Adds initial writeup for adjustment formulas

papers/paper.tex

@@ -148,13 +148,58 @@ At temperatures below half of the maximum temperature, probabilities with a base
 
 The original formulas being used to do this were overly complicated.
 In summary, many formulas were tested in a spreadsheet, and an optimal one was chosen that replicated the desired behavior.
-[]
 
+The original formula for curving probabilties in copycat:
 \lstinputlisting[language=Python]{formulas/original.py}
+
+An alternative that seems to improve performance on the abd->abd xyz->? problem:
+This formula produces probabilities that are not bounded between 0 and 1. These are generally truncated.
 \lstinputlisting[language=Python]{formulas/entropy.py}
+
+Ultimately, it wasn't clear to me that the so-called "xyz" problem should even be considered.
+As discussed in [the literature], the "xyz" problem is a novel example of a cognitive obstacle. 
+Generally, the best techniques for solving the "xyz" problem are discussed in the the publications around the "Metacat" project, which gives copycat a temporary memory and levels of reflection upon its actions.
+However, it is possible that the formula changes that target improvement in other problems may produce better results for the "xyz" problem.
+Focusing on the "xyz" problem, however, will likely be harmful to the improvement of performanace on other problems.
+
+So, the original copycat formula is overly complicated, and doesn't perform optimally on several problems.

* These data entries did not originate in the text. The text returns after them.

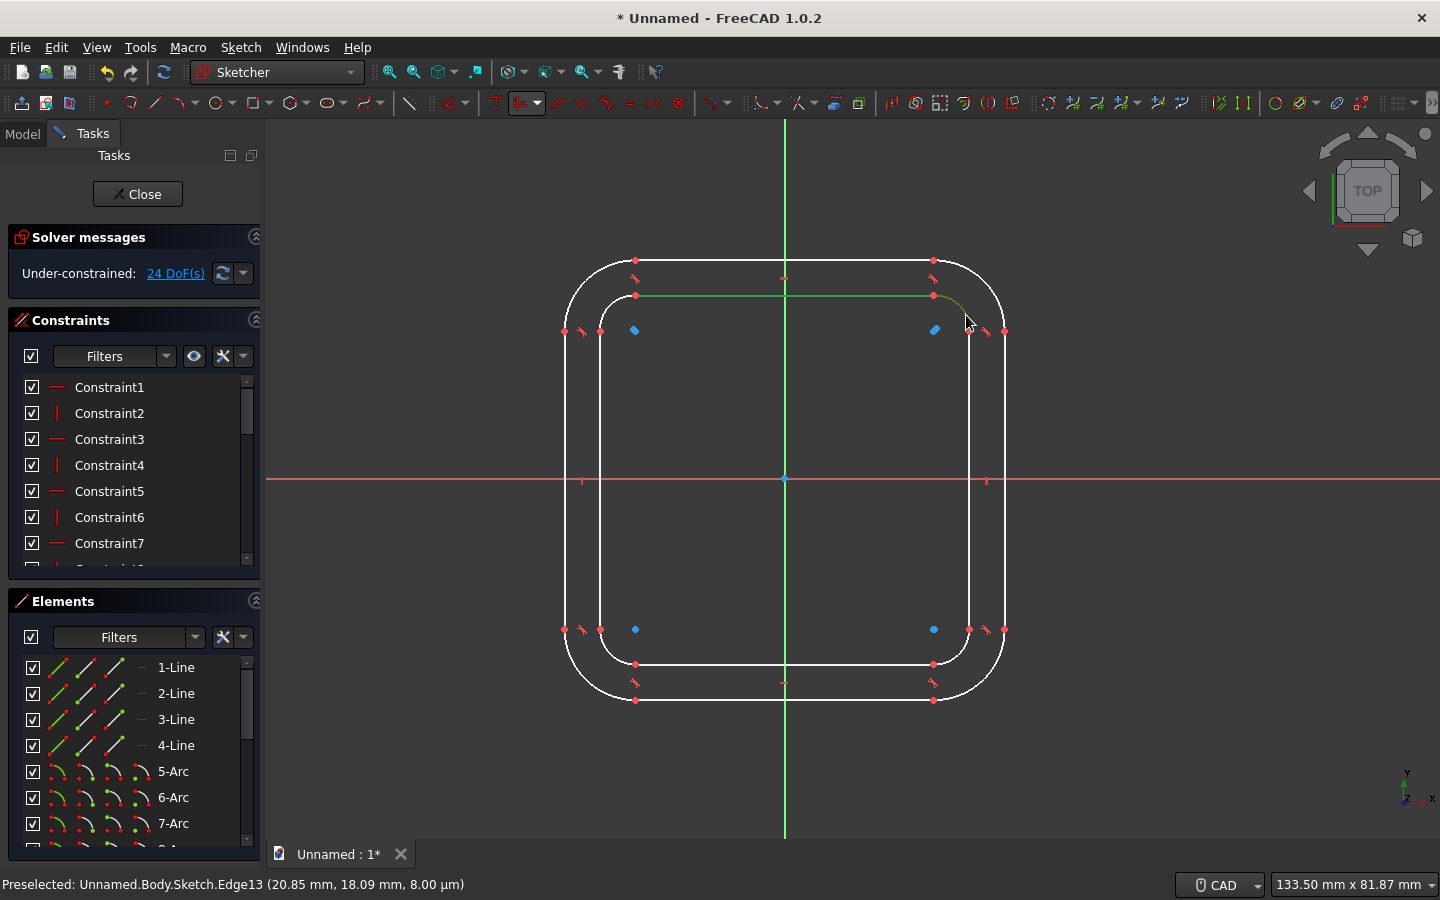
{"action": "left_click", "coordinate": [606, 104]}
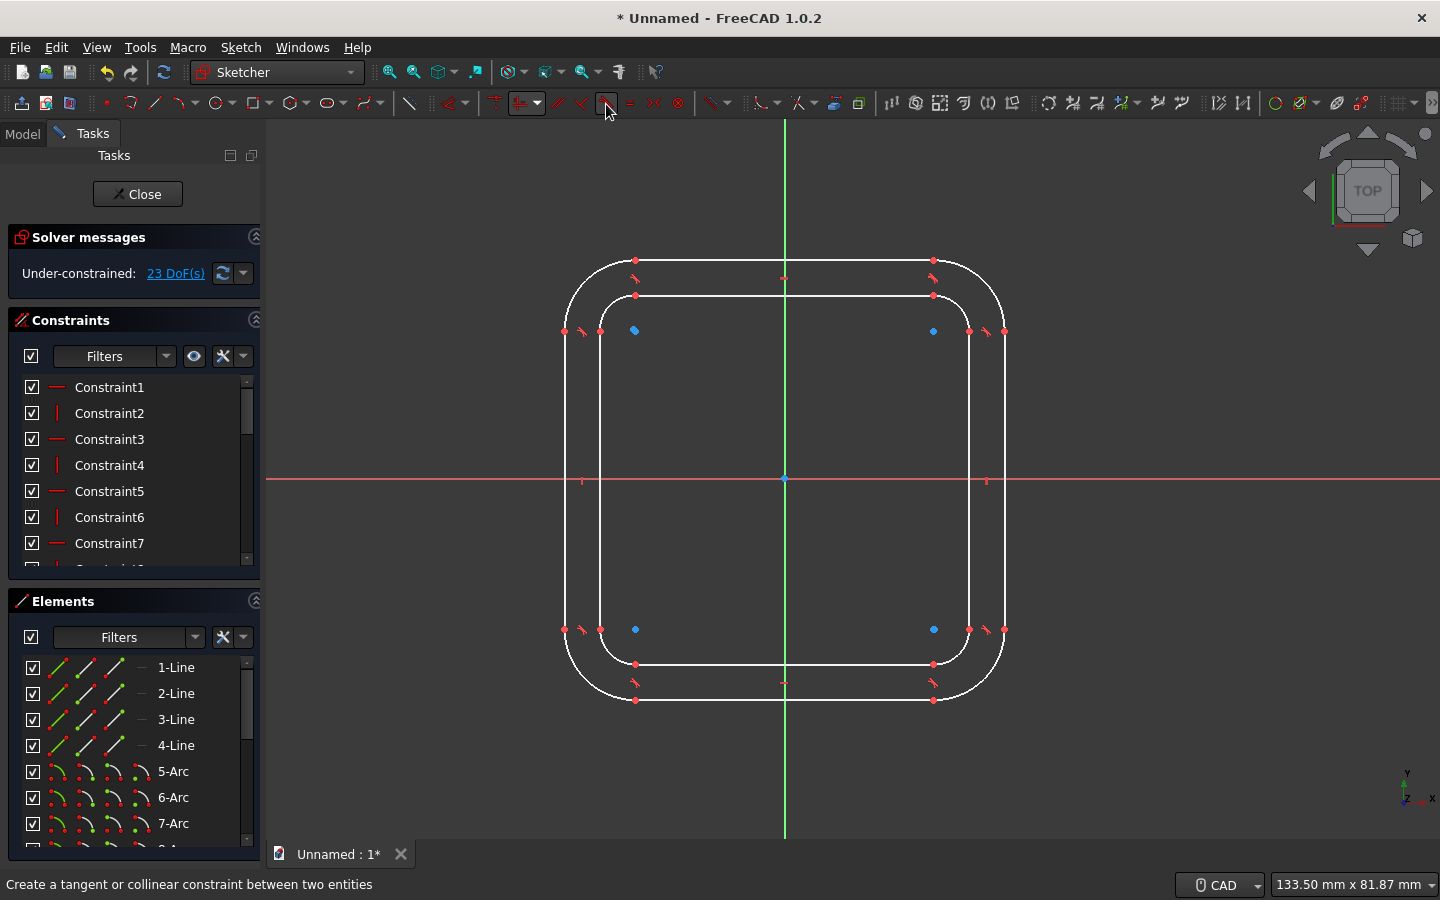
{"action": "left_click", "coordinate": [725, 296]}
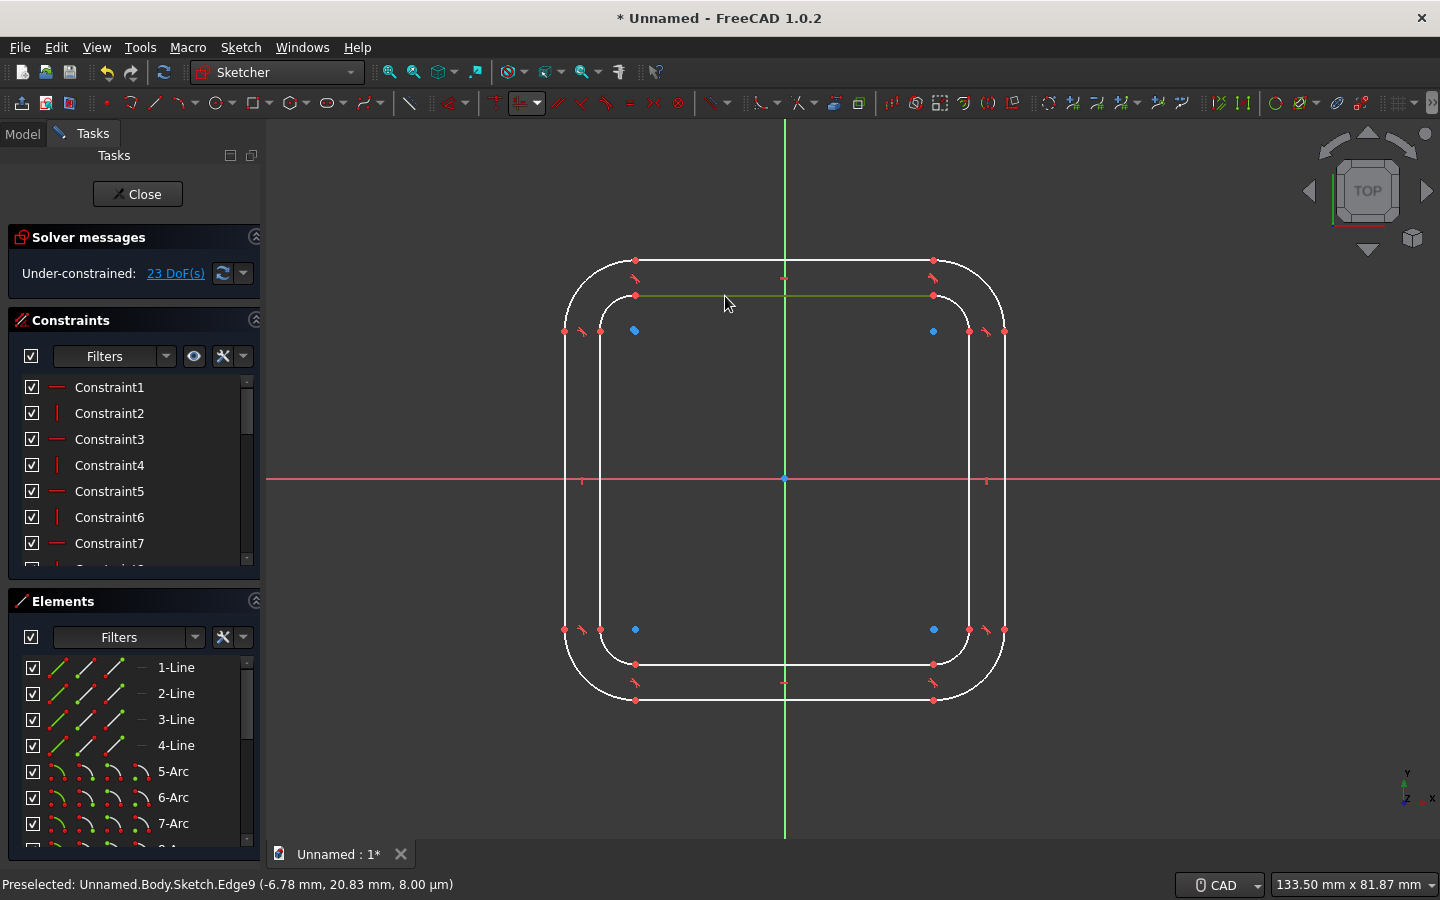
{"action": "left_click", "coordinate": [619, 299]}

+The entropy formula is an improvement, but other formulas are possible too.
+
+Below are variations on a "weighted" formula.
+The general structure is:
+
+\[\emph{p'} = \frac{T}{100} * S + \frac{100-T}{100} * U\]
+
+Where: $S$ is the convergence value for when $T = 0$ and
+       $U$ is the convergence value for when $T = 100$.
+The below formulas simply experiment with different values for $S$ and $U$
+The values of $\alpha$ and $\beta$ can be used to provide additional weighting for the formula, but are not used in this section.
+
 \lstinputlisting[language=Python]{formulas/weighted.py}
+
+[Discuss inverse formula and why $S$ was chosen to be constant]
+
+After some experimentation and reading the original copycat documentation, it was clear that $S$ should be chosen to be $0.5$ and that $U$ should implement the probability curving desired at high temperatures. 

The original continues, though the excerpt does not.